Problem to work on ▸
Set down the lines of the data exactly, starting at the first and stopping after the line containing "- truck <box>711,742,873,799</box>".

Entries supplied ▸
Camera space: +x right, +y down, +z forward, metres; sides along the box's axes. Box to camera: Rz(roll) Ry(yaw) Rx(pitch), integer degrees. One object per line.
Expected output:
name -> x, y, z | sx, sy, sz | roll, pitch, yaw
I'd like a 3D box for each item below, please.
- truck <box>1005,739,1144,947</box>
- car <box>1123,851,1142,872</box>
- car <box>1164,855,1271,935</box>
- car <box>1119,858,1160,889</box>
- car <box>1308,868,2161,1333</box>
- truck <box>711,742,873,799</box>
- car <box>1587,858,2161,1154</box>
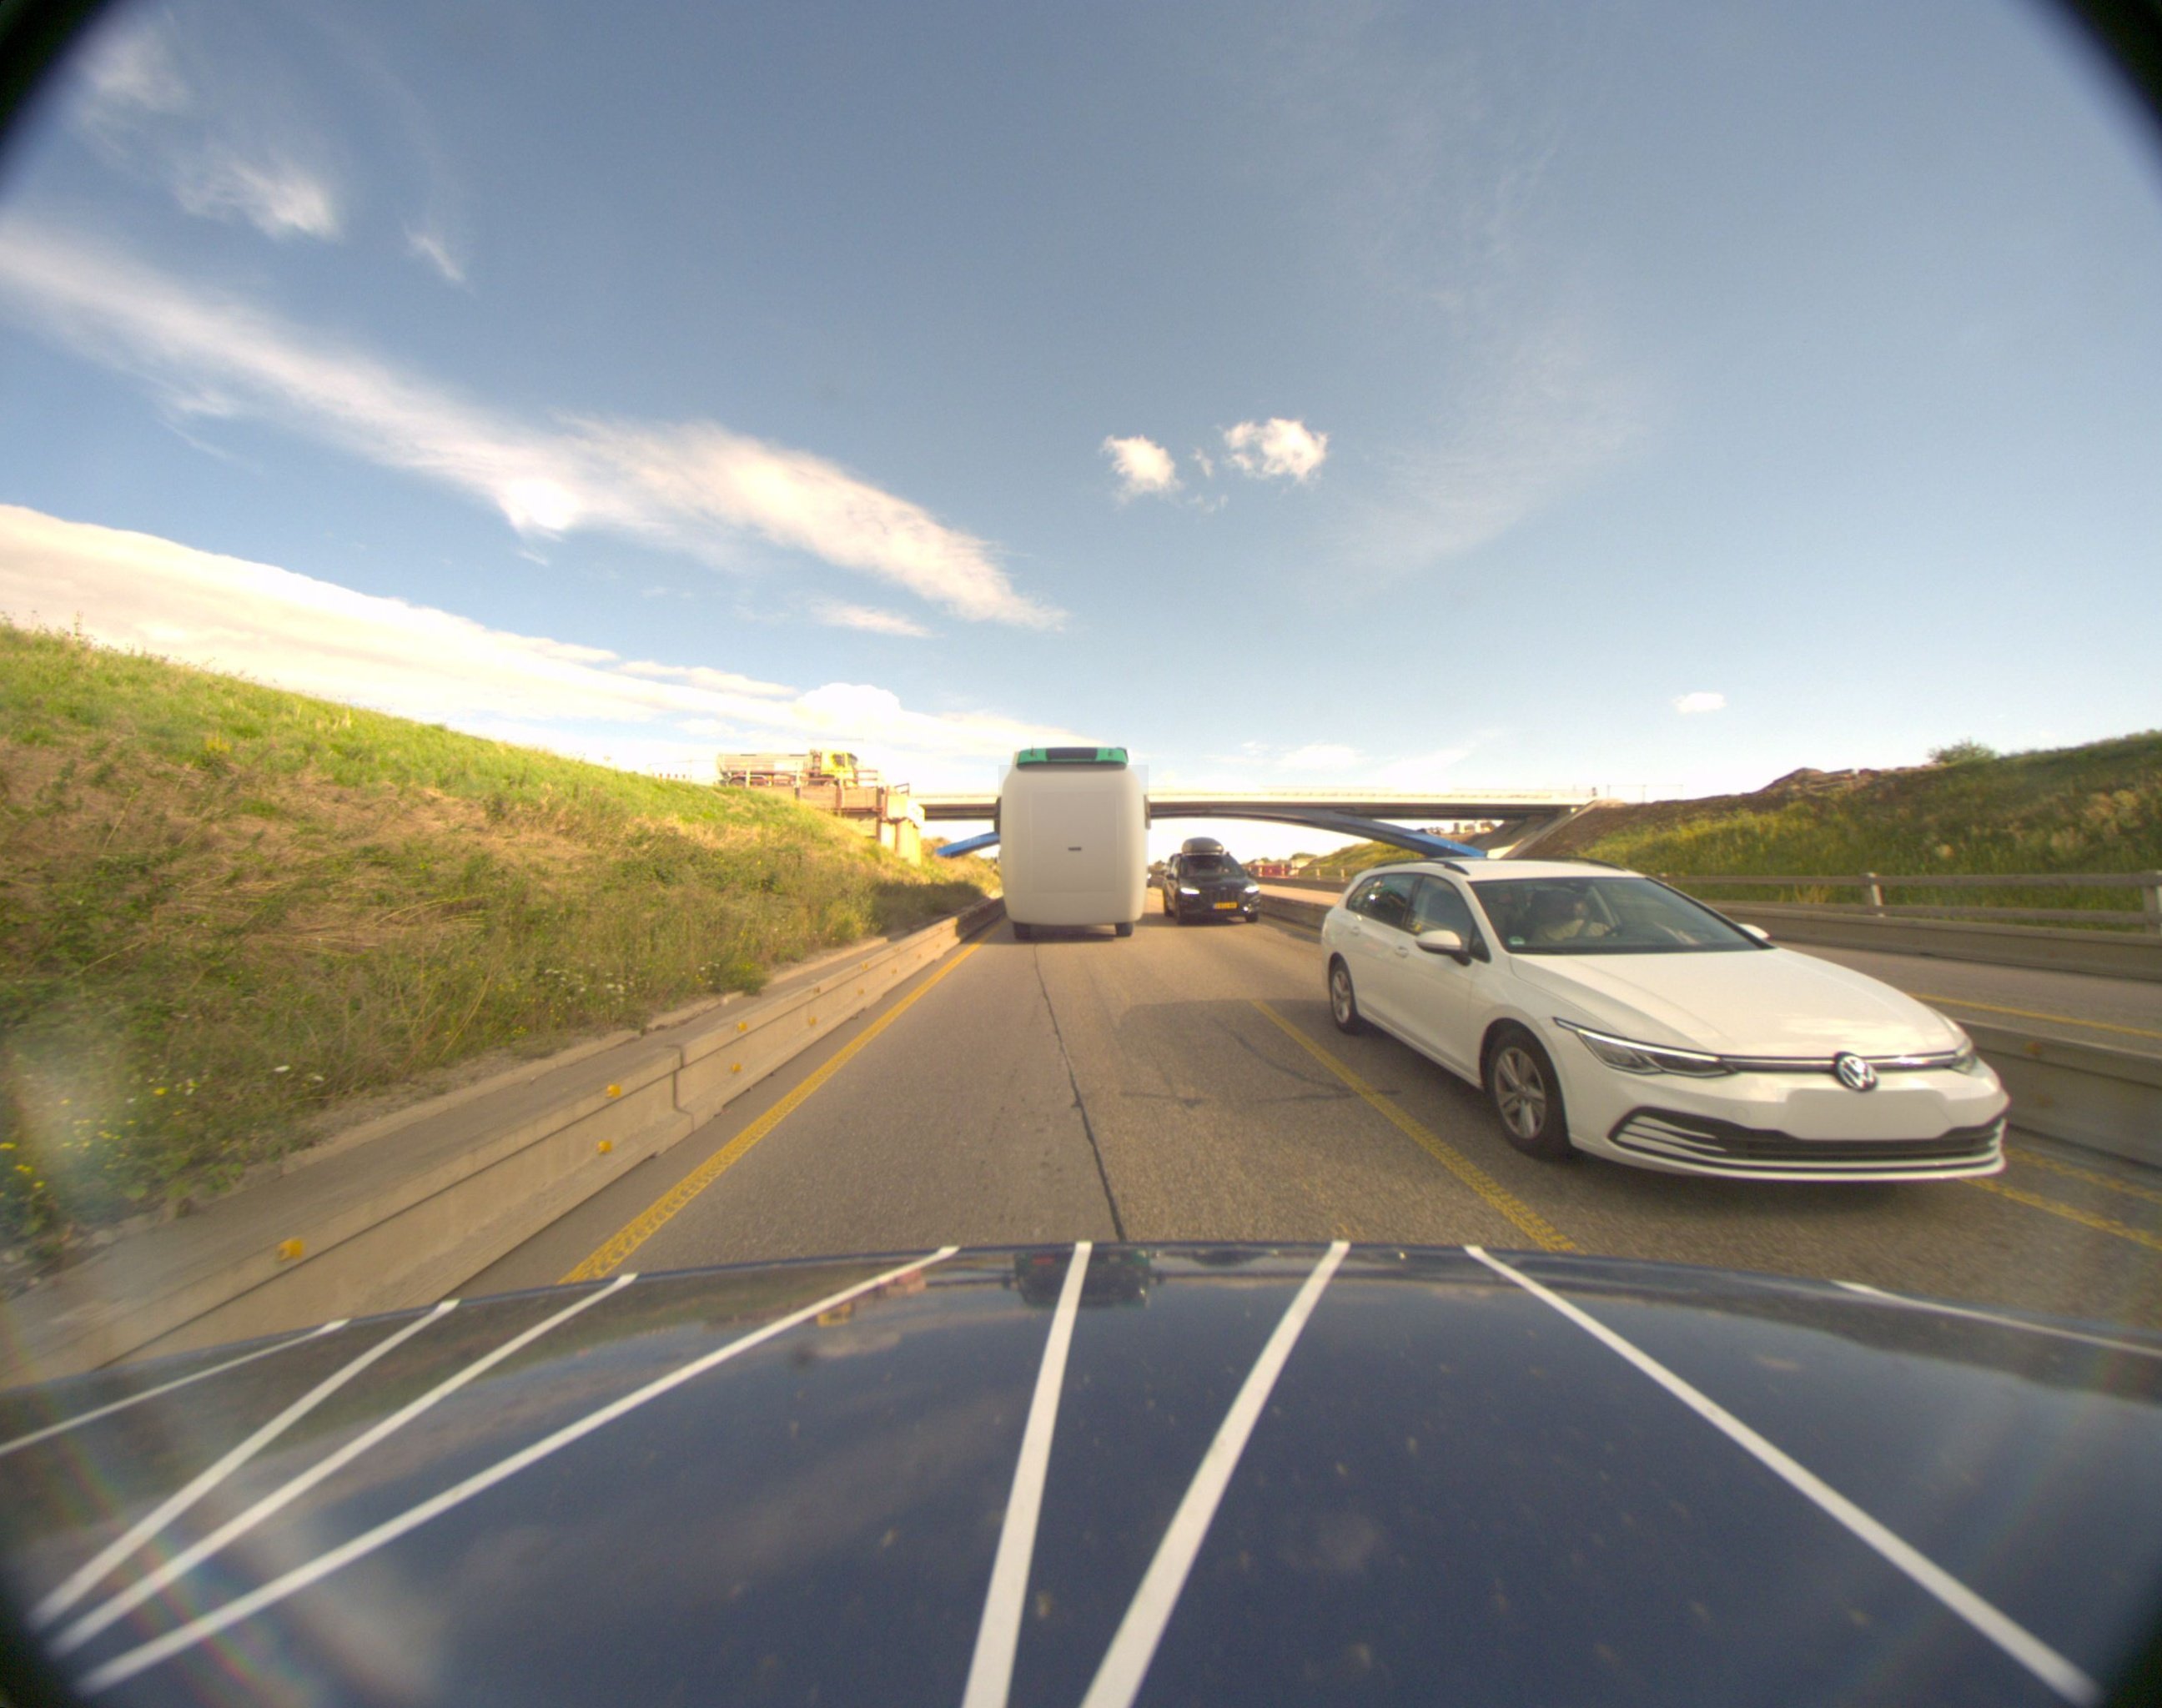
truck -> -0.126, -0.189, 18.603 | 2.546, 3.899, 8.279 | -1, 0, 0
car -> 7.298, 1.007, 108.510 | 2.115, 2.819, 6.137 | 1, 0, -2
car -> 3.171, 0.881, 18.448 | 1.855, 1.667, 4.260 | -1, 0, 1
car -> 3.137, 1.017, 41.236 | 1.855, 1.488, 4.301 | -1, 0, 0
car -> 3.001, 0.904, 4.834 | 1.825, 1.487, 4.374 | -2, 0, 1
truck -> -18.546, -5.357, 49.229 | 9.289, 3.209, 2.959 | -1, 0, -3
car -> 6.585, 0.907, 6.467 | 1.825, 1.594, 4.000 | -4, 0, 1

Answer for the task ▸
Camera space: +x right, +y down, +z forward, metres; sides along the box's axes. Box to camera: Rz(roll) Ry(yaw) Rx(pitch), integer degrees. One object per line.
Expected output:
name -> x, y, z | sx, sy, sz | roll, pitch, yaw
I'd like a 3D box for each item below, please.
- truck <box>1005,739,1144,947</box>
- car <box>1123,851,1142,872</box>
- car <box>1164,855,1271,935</box>
- car <box>1119,858,1160,889</box>
- car <box>1308,868,2161,1333</box>
- truck <box>711,742,873,799</box>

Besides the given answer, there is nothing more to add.